Bennett picks up the stick and winces.

Marissa’s jaw clenches, but her tone remains cordial. “I think we should call it a day. Why don’t we take Bennett out for some ice cream?”

“Ice cream?” Bennett’s face lights up.

Chris shakes his head. “Can’t believe his dad didn’t teach him how to at least open a pocketknife.”

In the frozen moment that follows Chris’s harsh words, Marissa witnesses the troop leader avert his eyes, and Bennett’s face turn crestfallen. Avery, as always, seems to catalog every detail.

Anger swells inside Marissa.

The old Marissa would have swallowed her ire. She would have glossed over the moment, pretending it had never happened, to save face in front of the troop leader and other parents. Her need for pleasing appearances would have trumped her need for authenticity.

No more, she thinks as she glares at Chris. Matthew isn’t the only one who is changing the tenor of all of his relationships.

When Marissa speaks, her voice is lower than usual. “Don’t you ever talk that way about Matthew again.”

Surprise briefly flashes across Chris’s face.

“Come on, Bennett, you can show me how to take down the tent.” Marissa deliberately excludes Chris, shifting her body so that her back is to him.

As they walk away, she thinks, my infidelity with Skip might actually have saved me, too.

 

 

CHAPTER THIRTY-SIX


AVERY

 


I’M UNLOCKING MY CAR DOOR when footsteps crunch against the ground behind me. I spin around to see Marissa’s father-in-law, nearly close enough to touch.

Chris is built like a wrestler, broad and compact. His thick white hair is buzzed short, his skin is weathered, and he wears a hunter-green windbreaker and well-worn khakis. Aside from his light blue eyes, he looks nothing like his tall, polished son.

Chris smiles tightly.

I feel instantaneous dislike, and not just because of the way he insulted Matthew a few minutes ago.

He extends his hand, and after a moment I take it and feel the rough calluses on his palm. “I’m Chris Bishop. What was your name again?”

Again. A strange choice of words; it’s as if in his mind we’ve already been introduced. The moment almost feels like a mirror image of last night, when Skip pretended we’d never met.

“Avery.” I decide not to offer my last name, although I’m not exactly sure why.

He nods, his eyes intent. “You’re friends with my daughter-in-law?”

I’d said goodbye to Marissa, but since she was busy with Bennett, I hadn’t lingered. Chris must have been watching her closely to have observed our brief interaction.

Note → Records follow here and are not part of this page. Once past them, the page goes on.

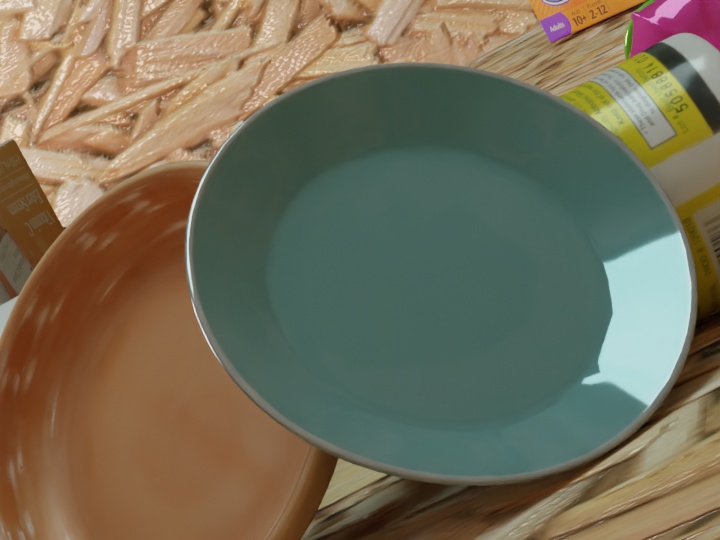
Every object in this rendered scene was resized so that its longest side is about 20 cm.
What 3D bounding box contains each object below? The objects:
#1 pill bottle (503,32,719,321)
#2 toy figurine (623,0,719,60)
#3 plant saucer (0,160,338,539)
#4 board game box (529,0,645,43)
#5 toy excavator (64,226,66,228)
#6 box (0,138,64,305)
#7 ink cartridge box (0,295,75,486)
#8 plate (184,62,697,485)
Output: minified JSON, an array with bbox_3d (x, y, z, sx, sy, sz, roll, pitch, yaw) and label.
[{"bbox_3d":[0.077,-0.007,1.226,0.199,0.112,0.111,-28,6,-6],"label":"pill bottle"},{"bbox_3d":[0.202,-0.134,1.769,0.200,0.150,0.184,-51,0,38],"label":"toy figurine"},{"bbox_3d":[-0.075,0.056,1.199,0.199,0.201,0.037,-24,-30,33],"label":"plant saucer"},{"bbox_3d":[0.277,-0.390,3.093,0.199,0.201,0.199,-32,7,-36],"label":"board game box"},{"bbox_3d":[-0.333,0.035,2.722,0.100,0.196,0.199,-32,35,-30],"label":"toy excavator"},{"bbox_3d":[-0.225,0.040,1.779,0.106,0.201,0.152,-28,6,13],"label":"box"},{"bbox_3d":[-0.153,0.091,1.337,0.199,0.084,0.146,-27,36,5],"label":"ink cartridge box"},{"bbox_3d":[0.030,0.003,1.131,0.200,0.200,0.026,-31,-25,-28],"label":"plate"}]

“Friend of a friend.” It’s my default answer when I see a client in public. I pull my hand away from Chris’s and open my car door.

“Nice to meet you.”

I experience a brief flash of déjà vu. Those were the exact words Skip uttered to me last night, even though he and I were far from strangers.

Although I’ve done a little research on Chris as part of my work with the Bishops—I know the name of his lobbying company, and where he lives—I haven’t considered him worthy of much attention.

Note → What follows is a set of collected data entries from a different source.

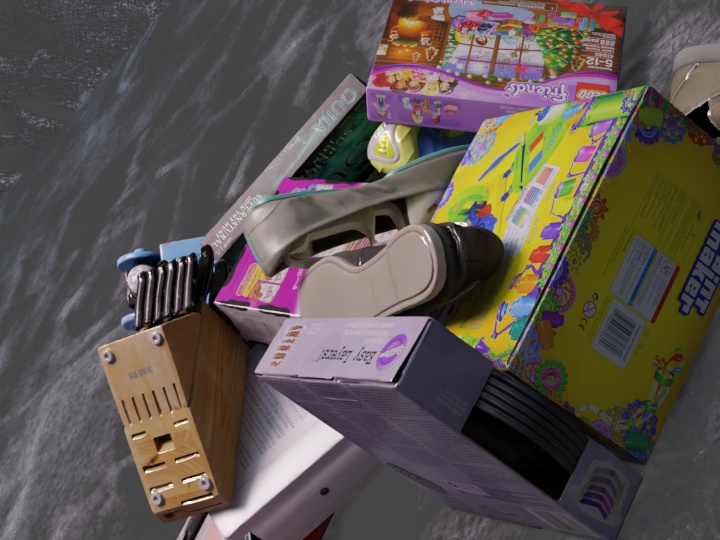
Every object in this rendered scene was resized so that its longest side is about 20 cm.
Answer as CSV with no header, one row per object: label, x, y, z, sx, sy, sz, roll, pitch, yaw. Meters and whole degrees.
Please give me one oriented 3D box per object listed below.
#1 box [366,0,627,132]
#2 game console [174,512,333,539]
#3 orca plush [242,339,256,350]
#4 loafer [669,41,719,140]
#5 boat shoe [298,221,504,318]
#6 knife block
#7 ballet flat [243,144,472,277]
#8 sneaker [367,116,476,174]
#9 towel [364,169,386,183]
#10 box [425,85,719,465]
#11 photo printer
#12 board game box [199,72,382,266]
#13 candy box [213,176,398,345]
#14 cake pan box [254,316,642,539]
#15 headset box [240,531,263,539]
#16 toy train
box,0.115,-0.172,1.064,0.039,0.199,0.137,86,-166,-50
game console,-0.084,0.217,1.128,0.200,0.118,0.172,-62,-8,-18
orca plush,-0.105,0.064,1.204,0.105,0.200,0.071,24,91,30
loafer,0.267,-0.109,0.820,0.070,0.075,0.200,-70,19,-5
boat shoe,0.022,0.011,0.852,0.200,0.057,0.067,-24,74,60
knife block,-0.130,0.084,1.052,0.064,0.201,0.175,-19,0,23
ballet flat,0.014,-0.037,0.943,0.067,0.199,0.064,106,147,-64
sneaker,0.088,-0.094,1.128,0.200,0.105,0.076,-23,-26,-54
towel,-0.002,-0.046,1.192,0.153,0.023,0.200,-45,16,19
box,0.130,0.002,0.855,0.200,0.122,0.192,-61,23,-13
photo printer,-0.050,0.122,1.046,0.200,0.069,0.166,-41,41,-2
board game box,-0.043,-0.080,1.158,0.200,0.028,0.135,-47,-19,11
candy box,0.000,0.000,1.022,0.199,0.061,0.137,7,58,36
cake pan box,0.050,0.096,0.804,0.200,0.184,0.052,-6,52,63
headset box,-0.047,0.271,0.738,0.174,0.200,0.093,-48,23,16
toy train,-0.163,0.032,1.243,0.200,0.114,0.087,72,-170,-71

Now I wonder if I should take a closer look at him. The mother-daughter dynamic gets a lot of coverage, but the father-son relationship is equally complicated. In my years as a therapist and now as a consultant, I’ve learned that if a son has a strained relationship in his present life, it’s not unusual for it to be traced to a past dysfunction with his father.

I watch as Chris climbs into a LeSabre parked across the lot from me. I wait a few minutes, wanting him to drive off first. But even though I see clouds of exhaust coming out of his tailpipe, indicating the engine is on, the vehicle doesn’t move.

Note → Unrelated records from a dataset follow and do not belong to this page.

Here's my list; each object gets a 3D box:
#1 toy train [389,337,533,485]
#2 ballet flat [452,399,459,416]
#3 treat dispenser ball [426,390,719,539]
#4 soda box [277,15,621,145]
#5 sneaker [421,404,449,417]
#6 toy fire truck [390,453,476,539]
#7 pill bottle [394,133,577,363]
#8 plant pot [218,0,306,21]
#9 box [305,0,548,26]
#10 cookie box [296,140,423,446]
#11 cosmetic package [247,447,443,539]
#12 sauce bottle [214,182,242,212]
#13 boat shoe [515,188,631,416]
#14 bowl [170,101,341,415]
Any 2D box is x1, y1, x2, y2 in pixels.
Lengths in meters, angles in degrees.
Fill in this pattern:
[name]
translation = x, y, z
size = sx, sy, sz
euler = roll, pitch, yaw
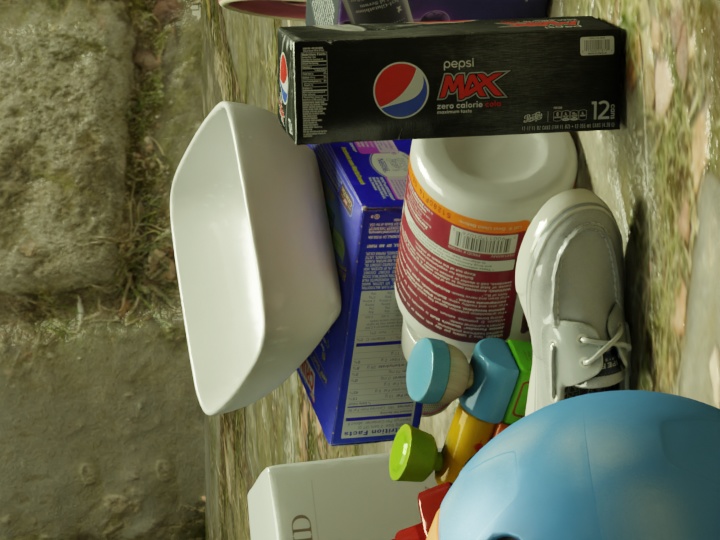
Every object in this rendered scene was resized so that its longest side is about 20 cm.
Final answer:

Perhaps Chris is making a phone call.

I decide to make one, too.

Marissa had said Matthew was at his office, but I dial Matthew’s cell number anyway, thinking that it’s still probably the most efficient way to reach him.

It rings three times and I wonder if he really had a work emergency or—and this could be me projecting—if it was merely an acceptable excuse to avoid the rambunctious Cub Scout event.